Friday, October 13, 2017

Meatballs in Clay-Pot

I wanted to make meatballs today and use my new clay-pot. It turned out to be really delicious dish.


For the Meatballs

  • 300 gr ground beef
  • Salt, black pepper, cumin
  • 1/2 small onion,chopped in little pieces
  • Bread crumbs

For the Meal

  • 3 medium potatoes
  • 3 sweet green peppers
  • 1/2 small onion
  • 2 cloves of garlic
  • Cherry tomatoes
  • 1 tablespoon tomato paste
  • 1 dessertspoon butter or ghee
  • 1 tablespoon sunflower oil


To prepare meatballs mix all the ingredients in a large bowl and knead them until you can make little balls out of them. 
Cut potatoes in cubes and put them on the bottom of clay-pot after pouring the sunflower oil on the surface.
Put meatballs on top of  potatoes. Then add onions, tomatoes and green peppers. Bake this in 400F oven for 30 minutes.

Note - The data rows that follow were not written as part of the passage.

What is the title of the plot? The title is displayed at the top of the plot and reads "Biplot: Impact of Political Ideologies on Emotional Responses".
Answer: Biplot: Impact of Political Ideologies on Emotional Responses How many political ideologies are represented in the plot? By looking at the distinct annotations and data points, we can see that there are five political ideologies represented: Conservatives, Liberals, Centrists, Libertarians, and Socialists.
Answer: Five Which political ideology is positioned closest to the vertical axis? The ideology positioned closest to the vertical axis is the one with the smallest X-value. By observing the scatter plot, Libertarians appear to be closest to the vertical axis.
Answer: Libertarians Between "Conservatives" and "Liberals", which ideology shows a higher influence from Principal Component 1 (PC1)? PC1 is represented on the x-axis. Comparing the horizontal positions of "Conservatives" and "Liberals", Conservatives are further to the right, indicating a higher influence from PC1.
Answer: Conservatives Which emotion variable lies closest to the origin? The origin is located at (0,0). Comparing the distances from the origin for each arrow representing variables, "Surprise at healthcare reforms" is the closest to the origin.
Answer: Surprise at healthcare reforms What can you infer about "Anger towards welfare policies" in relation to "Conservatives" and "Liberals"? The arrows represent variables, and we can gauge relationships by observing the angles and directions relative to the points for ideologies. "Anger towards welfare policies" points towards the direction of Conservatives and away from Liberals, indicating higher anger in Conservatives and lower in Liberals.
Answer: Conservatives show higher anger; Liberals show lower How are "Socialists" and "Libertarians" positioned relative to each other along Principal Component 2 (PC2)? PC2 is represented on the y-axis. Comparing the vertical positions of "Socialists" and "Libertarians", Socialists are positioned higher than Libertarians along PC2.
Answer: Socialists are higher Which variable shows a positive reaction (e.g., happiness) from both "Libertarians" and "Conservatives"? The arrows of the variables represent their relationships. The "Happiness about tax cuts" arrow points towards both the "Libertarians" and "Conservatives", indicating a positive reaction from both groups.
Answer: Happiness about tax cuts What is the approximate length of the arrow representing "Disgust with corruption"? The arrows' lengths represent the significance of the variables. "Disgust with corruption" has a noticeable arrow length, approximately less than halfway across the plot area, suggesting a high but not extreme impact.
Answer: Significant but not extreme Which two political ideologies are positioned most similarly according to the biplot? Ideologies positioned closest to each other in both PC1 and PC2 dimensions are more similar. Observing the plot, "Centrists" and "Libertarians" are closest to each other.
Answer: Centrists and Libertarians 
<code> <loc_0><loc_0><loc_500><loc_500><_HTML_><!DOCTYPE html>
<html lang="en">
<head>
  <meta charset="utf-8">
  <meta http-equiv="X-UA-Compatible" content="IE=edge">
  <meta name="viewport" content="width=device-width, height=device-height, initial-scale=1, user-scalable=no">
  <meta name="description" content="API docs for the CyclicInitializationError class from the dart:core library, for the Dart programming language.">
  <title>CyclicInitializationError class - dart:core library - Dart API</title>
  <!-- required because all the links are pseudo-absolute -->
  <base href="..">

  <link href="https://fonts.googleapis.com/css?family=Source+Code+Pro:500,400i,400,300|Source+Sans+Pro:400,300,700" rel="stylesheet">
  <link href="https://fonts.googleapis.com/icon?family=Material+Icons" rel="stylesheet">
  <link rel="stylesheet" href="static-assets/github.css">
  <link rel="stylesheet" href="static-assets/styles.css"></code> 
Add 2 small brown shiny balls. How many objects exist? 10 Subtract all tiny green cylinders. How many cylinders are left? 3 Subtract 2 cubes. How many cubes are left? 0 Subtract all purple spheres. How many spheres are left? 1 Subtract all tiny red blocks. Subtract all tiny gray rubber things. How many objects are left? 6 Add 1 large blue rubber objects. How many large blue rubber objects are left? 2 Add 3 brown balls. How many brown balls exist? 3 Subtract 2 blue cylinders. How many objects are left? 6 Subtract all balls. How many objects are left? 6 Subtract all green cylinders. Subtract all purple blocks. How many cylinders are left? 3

Put the tomato paste in a small bowl, add 2 cups of warm water and minced garlic. Add this mixture to the clay-pot after taking it from the oven.
Spread the butter on top an put it back to the oven and bake it like 20 minutes until the potatoes are cooked.
Then add some grated mozzarella and bake another 2 minutes until it melts. I like it crispy, so I baked like 5 minutes after putting the cheese on top.

Date Snack

I bought some roasted chickpeas, I ate some of them and the rest has been on the shelf for couple of months. Then I realized I needed to find some other way to eat them and decided to mix them with dates. The good part of this recipe is you don't necessarily need chickpeas or dates, you can use any kind of nuts and dried fruit such as prunes, apricots or figs.


  • 10 dates
  • 100gr roasted chickpeas
  • 1 tablespoon tahini
  • 1 oz raisins
  • Any kind of nut-I used couple of hazelnuts, some almonds and 3-4 walnuts


Take out the seeds of the dates and put them in the water around one hour. I did not have food processor so I crushed the chickpeas and nuts in a mortar and pestle. I chopped the dates and raisins on the cutting board and mixed them all. If you want to use food processor, put tahini first add some water, when it got mixed add dates ad raisins and grind them together. Lastly add nuts and chickpeas and grind them altogether. Take out from the processor and put it on a parchment paper, cover up with stretch film and make it square with the help of a rolling pin. Bake it around 8 hours in the lowest heat like 150F until it gets dry. I only baked for 4 hours, it is still good.If you don't wan to bake it, just keep it in the fridge.

Friday, March 24, 2017

Carrot Cupcake

Note: This recipe is for 12 cupcakes


For the Cake

  • 1 1/2 cups of flour
  • 1 1/3 cups of confectioners sugar
  • 2 tablespoons brown sugar
  • 1 tablespoon white sugar
  • 1/3 cup of sunflower/vegetable oil
  • 3 eggs
  • 1 teaspoon vanilla extract
  • 1 dessertspoon baking powder
  • 1 teaspoon cinnamon
  • 1/2 teaspoon ground nutmeg
  • 1/2 teaspoon salt
  • 2 cups of grated carrots
  • 2/3 cup of crushed walnuts

For the Frosting

  • 8 oz cream cheese
  • 6 oz unsalted butter
  • 2/3 lb confectioners sugar 

Take a large bowl, add all the sugar, oil,vanilla and eggs and beat. In another bowl, mix flour, baking powder, cinnamon, nutmeg and salt. Add dry mixture to the wet one and beat again until it all get mixed. Lastly add walnuts and carrots and knead.
Pour the mixture in a cupcake baking pan and bake it in 400F preheated oven 10 minutes and then drop the temperature 350F and bake another 20-30 minutes. Stick a toothpick into the cake, if it is clean then it is baked, if it is not clean bake it another 10 minutes and try again.
In the meantime to prepare frosting beat butter and cream cheese and add confectioners sugar and beat again.
Take the cupcakes from the oven, let them cool down. Then put the frosting with the help of a plastic bag or a spoon.